Magia futbolu wyprodukowała wówczas kolejną cudowną historię oraz falę radości i euforii, która zalała całą Francję po tym, jak reprezentacja tego kraju zdobyła pierwszy i jedyny tytuł mistrzów świata. Przyjrzyjmy się dzisiaj temu, co zdarzyło się tego pamiętnego wieczoru na Stade de France, gdy piękno piłki nożnej uświetniło ostatni finał mundialu w XX wieku.

Szczegóły

12 lipca 1998, Stade de France, Paryż

Brazylia – Francja 0:3

0:1 Zinedine Zidane 27′

0:2 Zinedine Zidane 45′ +1

0:3 Emmanuel Petit 90′ +3

Brazylia: Taffarel, Cafu, Aldair, Junior Baiano, Roberto Carlos, Cesar Sampaio (Edmundo 75′), Dunga, Leonardo (Denilson 46′), Rivaldo, Bebeto, Ronaldo, Trener: Mario Zagallo

Francja: Fabien Barthez, Lilian Thuram, Marcel Desailly (czerwona kartka 68′), Frank Leboeuf, Bixente Lizarazu, Didier Deschamps, Emmanuel Petit, Christian Karembeu (Alain Boghossian 57′), Zinedine Zidane, Youri Djorkaeff (Patrick Vieira 75′), Stephane Guivarc’h (Christophe Dugarry 66′), Trener: Aime Jacquet

Przygotowania

By dotrzeć do finału, Francuzi grali bez wielkiego polotu, lecz bardzo skutecznie. W fazie grupowej bez większych problemów pokonali wszystkich trzech rywali – RPA, Arabię Saudyjską i Danię. Trudniejszym przeciwnikiem już w 1/8 finału okazał się Paragwaj, na czele z charyzmatycznym bramkarzem Jose Luisem Chilavertem. Dopiero w 113. minucie udało się go pokonać, a dokonał tego stoper, Laurent Blanc, fantastycznym strzałem zdobywając pierwszego złotego gola w historii mundiali.

W ćwierćfinale podopieczni Aime Jacqueta mierzyli się z zawsze groźnymi Włochami. Ostatecznie wynik spotkania rozstrzygnął się dopiero po konkursie rzutów karnych, zakończonym wygraną „Les Bleus” po tym, jak chwilę wcześniej swojej „jedenastki” nie wykorzystał Luigi Di Biagio. 

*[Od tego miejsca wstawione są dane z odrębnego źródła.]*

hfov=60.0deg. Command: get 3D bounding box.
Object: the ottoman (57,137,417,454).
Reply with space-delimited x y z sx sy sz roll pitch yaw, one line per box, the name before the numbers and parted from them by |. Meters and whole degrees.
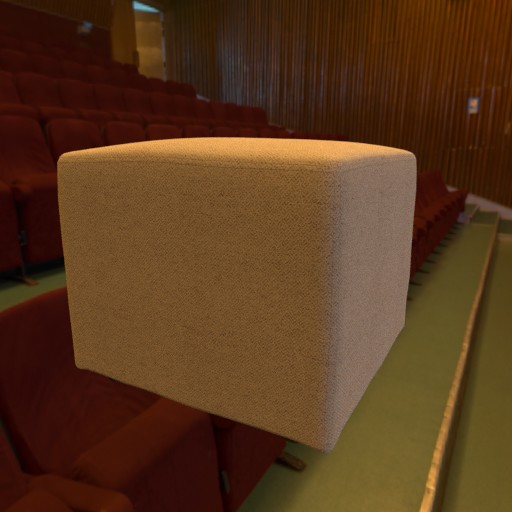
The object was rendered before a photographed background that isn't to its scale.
ottoman | 0.000 0.000 0.882 0.512 0.453 0.521 8 16 28
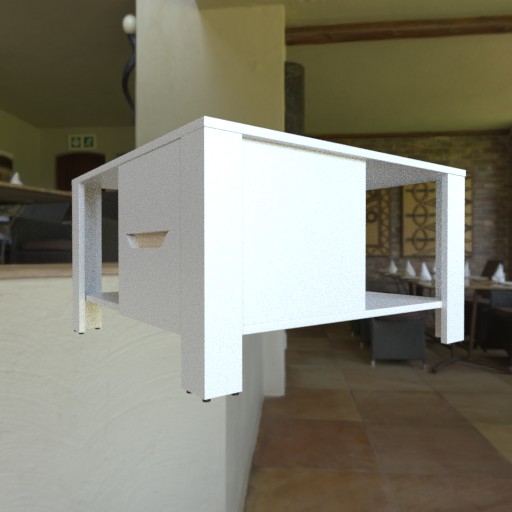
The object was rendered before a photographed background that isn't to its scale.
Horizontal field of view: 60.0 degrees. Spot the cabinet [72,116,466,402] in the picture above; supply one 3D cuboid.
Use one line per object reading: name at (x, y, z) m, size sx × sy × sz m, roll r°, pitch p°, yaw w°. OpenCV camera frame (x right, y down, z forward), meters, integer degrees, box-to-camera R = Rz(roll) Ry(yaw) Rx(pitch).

Wszystkim, co teraz stało na drodze Francuzów do wielkiego finału, była już tylko rewelacyjna Chorwacja z późniejszym królem strzelców mundialu, Davorem Sukerem. Dość powiedzieć, że w ćwierćfinale „Hrvatska” bardzo łatwo poradziła sobie z Niemcami, wygrywając 3:0. Także i ten mecz lepiej zaczęli debiutujący na mistrzostwach świata Chorwaci, gdy tuż po przerwie wynik meczu otworzył wspomniany Suker. I wtedy stał się cud. Na dwa solowe rajdy zdecydował się prawy obrońca „Les Bleus”, Lilian Thuram. Oba zakończyły się bramkami czarnoskórego defensora. Co ciekawe, to były jedyne jego gole w historii występów w kadrze narodowej. Niestety, czerwona kartka wykluczyła z udziału w finale ostoję linii defensywy Francji, Laurenta Blanca.

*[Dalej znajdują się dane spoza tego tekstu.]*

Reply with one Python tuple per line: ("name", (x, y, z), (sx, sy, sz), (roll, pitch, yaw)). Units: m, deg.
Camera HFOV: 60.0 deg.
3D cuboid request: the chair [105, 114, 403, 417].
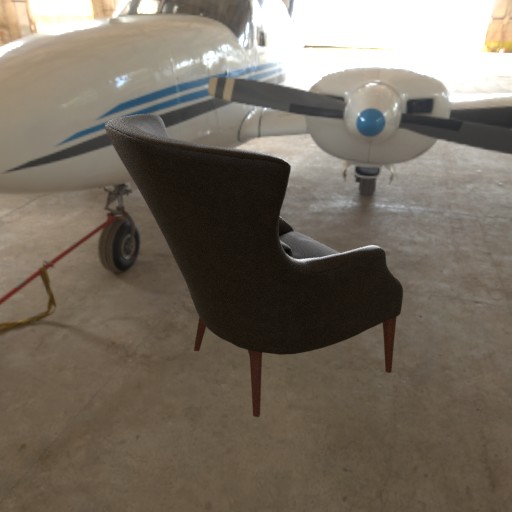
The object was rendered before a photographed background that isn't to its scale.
("chair", (0.000, 0.000, 1.710), (0.954, 1.068, 0.819), (-18, 32, -31))

Brazylia z kolei rozpoczęła mundial w glorii głównych faworytów do końcowego triumfu. Z wybitnym atakiem, który miał obrócić wniwecz wszystkie ewentualne braki w defensywie, tylko cud miał odebrać „Canarinhos” tytuł, który miał zapewnić między innymi znakomity Ronaldo, późniejszy najlepszy gracz turnieju.

Jednak schody zaczęły się już w fazie grupowej, gdy podopieczni Mario Zagallo ulegli Norwegom 2:1. Na szczęście awans już mieli zapewniony. W 1/8 finału rozgromili Chile 4:1 i wydawało się, że marsz po obronę mistrzowskiego tytułu będzie już tylko formalnością. Prawda okazała się jednak bardziej brutalna. Silny opór Brazylijczykom postawili Duńczycy, którzy, prowadząc już 2:0, ostatecznie przegrali 2:3. Jeszcze trudniej było w półfinale, gdzie dopiero po rzutach karnych, w których świetną formą błysnął Taffarel,  „Canarinhos” okazali się lepsi od Holendrów. 

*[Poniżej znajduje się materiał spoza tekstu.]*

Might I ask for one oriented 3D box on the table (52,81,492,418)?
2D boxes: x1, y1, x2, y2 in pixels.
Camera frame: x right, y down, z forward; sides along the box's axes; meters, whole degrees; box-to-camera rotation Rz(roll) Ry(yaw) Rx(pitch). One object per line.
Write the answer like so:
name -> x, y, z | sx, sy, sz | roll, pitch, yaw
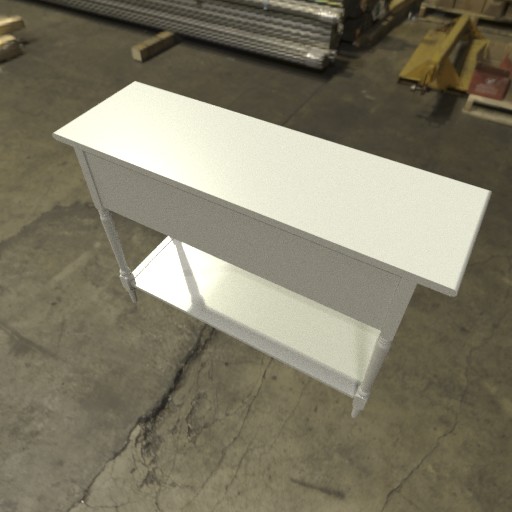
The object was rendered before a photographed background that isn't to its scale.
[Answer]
table -> 0.000, 0.000, 1.537 | 1.197, 0.808, 0.384 | 23, 52, 19

Ten rezultat okazał się wymarzony dla gospodarzy, którzy mieli nadzieję na stworzenie prawdziwego widowiska w finale. Brazylijczycy z kolei byli bardzo pewni siebie.

Opowieść

Z wyjątkiem Francka Leboeufa, skład personalny reprezentacji Francji nie zmienił się, a trener Jacquet wierny był swojemu ustawieniu 4-2-3-1 z Yourim Djorkaeffem w roli wolnego elektronu, zaś rozgrywający Zinedine Zidane grał za wysuniętym jedynym napastnikiem, Stephane Guivarc’hem. W obozie rywali również do dyspozycji był cały najsilniejszy skład. Nawet pomimo tajemniczej do dziś choroby Ronaldo na godziny przed rozpoczęciem meczu, napastnik wyszedł w pierwszym składzie. 

Ostatecznie, to dominacja Francuzów w środku pola sprawiła, że Brazylijczycy niemal nie istnieli w tym meczu. Tuż po jego rozpoczęciu „Les Bleus” mogli objąć prowadzenie, jednak Guivarc’h w sytuacji sam na sam nie zdołał pokonać Taffarela. Jednak w 27. minucie, gdy wydawało się, że „Canarinhos” dochodzą do głosu, Zidane otworzył wynik, efektowną główką wykańczając dośrodkowanie z rzutu rożnego Emmanuela Petita.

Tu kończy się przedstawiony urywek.